Additionally, to focus on the most relevant features in terms of magnitude, especially after handling complex transformations:
$$
M_{out} = \max_{\theta \in \Theta}( |F_{\theta}| )
$$
where $|F_{\theta}|$ represents the magnitude of the vector feature at each point, considering different orientations $\Theta$. This magnitude max pooling helps in downsampling the feature maps by selecting the dominant features across different rotations, thus reinforcing the network's rotation invariance.

#### Normalization and Final Layers

Before proceeding to the output layers, normalization techniques such as Batch Normalization can be applied:
$$
F_{norm} = \gamma \left(\frac{F_{out} - \mu_{B}}{\sqrt{\sigma^2_{B} + \epsilon}}\right) + \beta
$$
where $\mu_B$ and $\sigma^2_B$ are the mean and variance of the batch, $\epsilon$ is a small constant to prevent division by zero, and $\gamma$, $\beta$ are parameters learned during training to scale and shift the normalized data.

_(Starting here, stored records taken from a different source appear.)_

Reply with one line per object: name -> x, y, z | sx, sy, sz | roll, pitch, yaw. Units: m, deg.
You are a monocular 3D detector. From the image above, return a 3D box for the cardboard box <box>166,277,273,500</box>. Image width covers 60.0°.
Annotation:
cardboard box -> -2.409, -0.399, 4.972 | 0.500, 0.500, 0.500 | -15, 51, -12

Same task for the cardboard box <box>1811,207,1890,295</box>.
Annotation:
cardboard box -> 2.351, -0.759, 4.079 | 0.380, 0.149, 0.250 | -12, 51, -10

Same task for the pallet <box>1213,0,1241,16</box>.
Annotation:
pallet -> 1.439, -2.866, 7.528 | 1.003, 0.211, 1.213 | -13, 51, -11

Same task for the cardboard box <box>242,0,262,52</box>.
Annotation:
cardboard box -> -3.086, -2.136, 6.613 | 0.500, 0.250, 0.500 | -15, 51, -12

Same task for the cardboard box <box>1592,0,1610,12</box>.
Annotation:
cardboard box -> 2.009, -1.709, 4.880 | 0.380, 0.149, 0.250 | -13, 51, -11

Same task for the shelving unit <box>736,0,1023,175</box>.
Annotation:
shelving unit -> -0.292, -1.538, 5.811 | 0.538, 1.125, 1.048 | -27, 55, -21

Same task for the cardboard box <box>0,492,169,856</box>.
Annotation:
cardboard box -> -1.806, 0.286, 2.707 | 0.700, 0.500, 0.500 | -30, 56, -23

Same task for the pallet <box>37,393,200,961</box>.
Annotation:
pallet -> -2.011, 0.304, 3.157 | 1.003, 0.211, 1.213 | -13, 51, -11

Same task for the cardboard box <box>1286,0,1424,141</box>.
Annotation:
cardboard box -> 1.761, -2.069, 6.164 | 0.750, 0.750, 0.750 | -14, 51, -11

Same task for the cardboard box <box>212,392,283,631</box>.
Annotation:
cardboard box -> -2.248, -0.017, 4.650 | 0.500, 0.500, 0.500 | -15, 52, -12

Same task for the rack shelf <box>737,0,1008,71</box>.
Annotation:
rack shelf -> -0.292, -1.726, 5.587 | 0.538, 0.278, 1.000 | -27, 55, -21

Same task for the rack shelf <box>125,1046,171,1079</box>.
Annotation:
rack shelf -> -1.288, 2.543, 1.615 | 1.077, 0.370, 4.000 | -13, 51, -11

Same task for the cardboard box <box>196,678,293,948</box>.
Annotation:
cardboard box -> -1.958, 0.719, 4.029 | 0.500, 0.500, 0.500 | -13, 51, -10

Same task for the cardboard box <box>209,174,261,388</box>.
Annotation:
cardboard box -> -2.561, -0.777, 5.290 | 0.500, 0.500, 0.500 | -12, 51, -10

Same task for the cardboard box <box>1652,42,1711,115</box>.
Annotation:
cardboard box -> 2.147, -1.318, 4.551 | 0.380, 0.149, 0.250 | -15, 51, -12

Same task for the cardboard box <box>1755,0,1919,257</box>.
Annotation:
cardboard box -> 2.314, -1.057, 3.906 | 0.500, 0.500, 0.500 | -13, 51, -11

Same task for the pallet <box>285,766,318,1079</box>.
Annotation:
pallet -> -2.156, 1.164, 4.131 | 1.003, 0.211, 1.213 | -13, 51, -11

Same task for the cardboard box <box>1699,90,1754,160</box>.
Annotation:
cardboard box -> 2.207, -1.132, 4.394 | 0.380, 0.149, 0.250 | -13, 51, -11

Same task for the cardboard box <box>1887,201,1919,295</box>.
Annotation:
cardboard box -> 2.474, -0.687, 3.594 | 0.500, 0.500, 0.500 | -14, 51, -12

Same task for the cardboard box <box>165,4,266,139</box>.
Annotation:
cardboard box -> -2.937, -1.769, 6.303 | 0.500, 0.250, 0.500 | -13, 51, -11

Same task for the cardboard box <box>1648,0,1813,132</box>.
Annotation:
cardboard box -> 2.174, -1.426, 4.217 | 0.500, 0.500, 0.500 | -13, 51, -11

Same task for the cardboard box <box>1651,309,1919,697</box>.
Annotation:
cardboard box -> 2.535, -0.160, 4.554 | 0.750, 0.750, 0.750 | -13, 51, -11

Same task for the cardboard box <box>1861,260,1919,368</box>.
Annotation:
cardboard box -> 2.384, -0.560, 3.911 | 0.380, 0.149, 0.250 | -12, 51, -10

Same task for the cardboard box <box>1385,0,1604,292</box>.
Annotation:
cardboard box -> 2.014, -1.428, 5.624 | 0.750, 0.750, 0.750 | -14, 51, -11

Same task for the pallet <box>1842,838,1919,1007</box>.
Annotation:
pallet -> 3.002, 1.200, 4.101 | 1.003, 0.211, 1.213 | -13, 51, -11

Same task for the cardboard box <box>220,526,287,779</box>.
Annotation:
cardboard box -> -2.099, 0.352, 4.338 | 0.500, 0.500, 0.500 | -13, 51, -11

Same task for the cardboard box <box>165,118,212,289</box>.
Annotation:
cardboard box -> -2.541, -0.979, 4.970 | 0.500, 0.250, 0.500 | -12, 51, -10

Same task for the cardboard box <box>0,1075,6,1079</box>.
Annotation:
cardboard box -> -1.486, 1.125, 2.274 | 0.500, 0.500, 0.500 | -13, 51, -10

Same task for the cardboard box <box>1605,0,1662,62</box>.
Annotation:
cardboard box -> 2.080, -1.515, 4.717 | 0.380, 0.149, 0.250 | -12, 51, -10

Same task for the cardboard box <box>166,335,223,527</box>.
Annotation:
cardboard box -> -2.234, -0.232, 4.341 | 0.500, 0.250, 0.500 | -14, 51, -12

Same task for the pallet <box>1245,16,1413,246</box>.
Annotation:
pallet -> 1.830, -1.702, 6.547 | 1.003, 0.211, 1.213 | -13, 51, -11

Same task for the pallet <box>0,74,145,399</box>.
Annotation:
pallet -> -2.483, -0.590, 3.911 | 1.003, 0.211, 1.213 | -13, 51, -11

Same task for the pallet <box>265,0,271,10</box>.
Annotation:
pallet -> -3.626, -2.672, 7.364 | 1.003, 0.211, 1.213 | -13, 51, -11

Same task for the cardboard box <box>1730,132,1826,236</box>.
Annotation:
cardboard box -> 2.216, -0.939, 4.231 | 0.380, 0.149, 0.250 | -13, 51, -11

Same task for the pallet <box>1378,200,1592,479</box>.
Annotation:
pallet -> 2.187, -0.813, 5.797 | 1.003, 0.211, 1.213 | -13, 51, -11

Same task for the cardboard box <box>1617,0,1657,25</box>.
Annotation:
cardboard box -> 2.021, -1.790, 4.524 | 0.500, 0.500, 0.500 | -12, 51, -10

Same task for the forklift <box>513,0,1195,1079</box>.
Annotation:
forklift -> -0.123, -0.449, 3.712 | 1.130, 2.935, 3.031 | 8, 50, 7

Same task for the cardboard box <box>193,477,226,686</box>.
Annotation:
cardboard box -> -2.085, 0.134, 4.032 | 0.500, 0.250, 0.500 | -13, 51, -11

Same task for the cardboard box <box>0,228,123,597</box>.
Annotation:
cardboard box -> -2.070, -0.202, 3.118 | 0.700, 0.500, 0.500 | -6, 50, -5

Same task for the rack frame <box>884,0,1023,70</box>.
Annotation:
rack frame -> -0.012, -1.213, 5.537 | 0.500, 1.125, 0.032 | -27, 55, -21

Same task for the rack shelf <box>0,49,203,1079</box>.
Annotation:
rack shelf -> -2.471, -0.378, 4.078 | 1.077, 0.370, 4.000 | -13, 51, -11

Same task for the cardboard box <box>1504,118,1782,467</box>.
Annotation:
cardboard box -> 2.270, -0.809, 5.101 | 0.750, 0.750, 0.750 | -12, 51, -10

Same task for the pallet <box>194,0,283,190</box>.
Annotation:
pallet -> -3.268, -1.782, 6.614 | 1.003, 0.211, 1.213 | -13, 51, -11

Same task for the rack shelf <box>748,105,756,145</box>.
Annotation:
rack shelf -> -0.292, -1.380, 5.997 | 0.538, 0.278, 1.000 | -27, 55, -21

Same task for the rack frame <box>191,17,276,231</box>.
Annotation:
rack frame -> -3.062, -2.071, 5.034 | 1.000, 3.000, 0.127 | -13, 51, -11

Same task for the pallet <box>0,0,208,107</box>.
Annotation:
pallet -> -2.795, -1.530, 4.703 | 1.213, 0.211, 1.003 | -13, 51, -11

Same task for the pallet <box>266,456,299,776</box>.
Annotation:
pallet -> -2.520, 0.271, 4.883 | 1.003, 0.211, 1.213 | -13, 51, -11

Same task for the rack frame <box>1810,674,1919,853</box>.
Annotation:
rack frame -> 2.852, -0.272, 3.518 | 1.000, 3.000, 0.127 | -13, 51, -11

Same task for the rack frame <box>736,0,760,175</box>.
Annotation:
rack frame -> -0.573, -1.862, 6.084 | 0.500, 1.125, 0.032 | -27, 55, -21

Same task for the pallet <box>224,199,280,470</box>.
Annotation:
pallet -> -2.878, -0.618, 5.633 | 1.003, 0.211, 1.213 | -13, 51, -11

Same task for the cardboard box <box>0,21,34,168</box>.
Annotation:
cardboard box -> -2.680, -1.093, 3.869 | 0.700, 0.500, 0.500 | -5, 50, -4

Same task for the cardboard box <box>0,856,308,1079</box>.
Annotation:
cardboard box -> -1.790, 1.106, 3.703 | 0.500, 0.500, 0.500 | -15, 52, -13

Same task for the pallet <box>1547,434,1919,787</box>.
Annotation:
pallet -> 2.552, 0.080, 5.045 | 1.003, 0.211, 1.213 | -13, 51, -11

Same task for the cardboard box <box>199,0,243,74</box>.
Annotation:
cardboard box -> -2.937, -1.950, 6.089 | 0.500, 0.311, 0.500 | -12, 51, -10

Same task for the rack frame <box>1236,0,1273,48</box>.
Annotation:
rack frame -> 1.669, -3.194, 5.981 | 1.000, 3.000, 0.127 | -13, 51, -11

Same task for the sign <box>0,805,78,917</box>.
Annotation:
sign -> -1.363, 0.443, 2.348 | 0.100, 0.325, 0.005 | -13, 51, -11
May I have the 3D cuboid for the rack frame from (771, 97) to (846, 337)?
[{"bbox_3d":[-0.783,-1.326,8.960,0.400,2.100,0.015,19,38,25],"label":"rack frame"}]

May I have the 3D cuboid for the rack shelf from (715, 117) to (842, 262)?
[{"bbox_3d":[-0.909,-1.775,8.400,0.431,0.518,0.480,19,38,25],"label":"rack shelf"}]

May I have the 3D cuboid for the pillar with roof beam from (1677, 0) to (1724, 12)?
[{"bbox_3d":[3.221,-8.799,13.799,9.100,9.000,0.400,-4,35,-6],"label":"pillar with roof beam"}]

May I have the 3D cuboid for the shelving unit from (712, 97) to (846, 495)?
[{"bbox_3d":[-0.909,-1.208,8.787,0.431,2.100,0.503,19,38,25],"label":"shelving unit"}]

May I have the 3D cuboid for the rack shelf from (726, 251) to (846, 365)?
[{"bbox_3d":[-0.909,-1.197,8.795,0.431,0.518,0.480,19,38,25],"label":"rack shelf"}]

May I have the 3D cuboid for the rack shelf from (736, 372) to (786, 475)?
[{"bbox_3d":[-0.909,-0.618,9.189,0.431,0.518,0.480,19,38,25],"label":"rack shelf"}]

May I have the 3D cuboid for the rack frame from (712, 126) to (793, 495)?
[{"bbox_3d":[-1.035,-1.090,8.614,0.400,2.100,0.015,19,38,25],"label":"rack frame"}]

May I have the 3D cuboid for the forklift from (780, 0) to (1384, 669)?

#### Output Layer and Classification

Finally, the processed feature maps can be flattened and fed into a dense layer for classification, or further convolutional layers depending on the specific task:
$$
\text{Output} = \text{Softmax}(W_{final} \cdot \text{Flatten}(F_{norm}) + b_{final})
$$
This structure allows the integration of the specialized vector-based convolutional features with standard layers of a CNN, ensuring that the network is suitable for complex tasks requiring understanding of rotation-invariant features.

### Conclusion

This integration strategy ensures that the novel polar-based convolution operations are seamlessly combined with traditional CNN architectures, allowing for effective learning and generalization across varied visual tasks. The inclusion of both standard and novel pooling methods enhances the network's ability to handle different spatial and rotational variances in input data.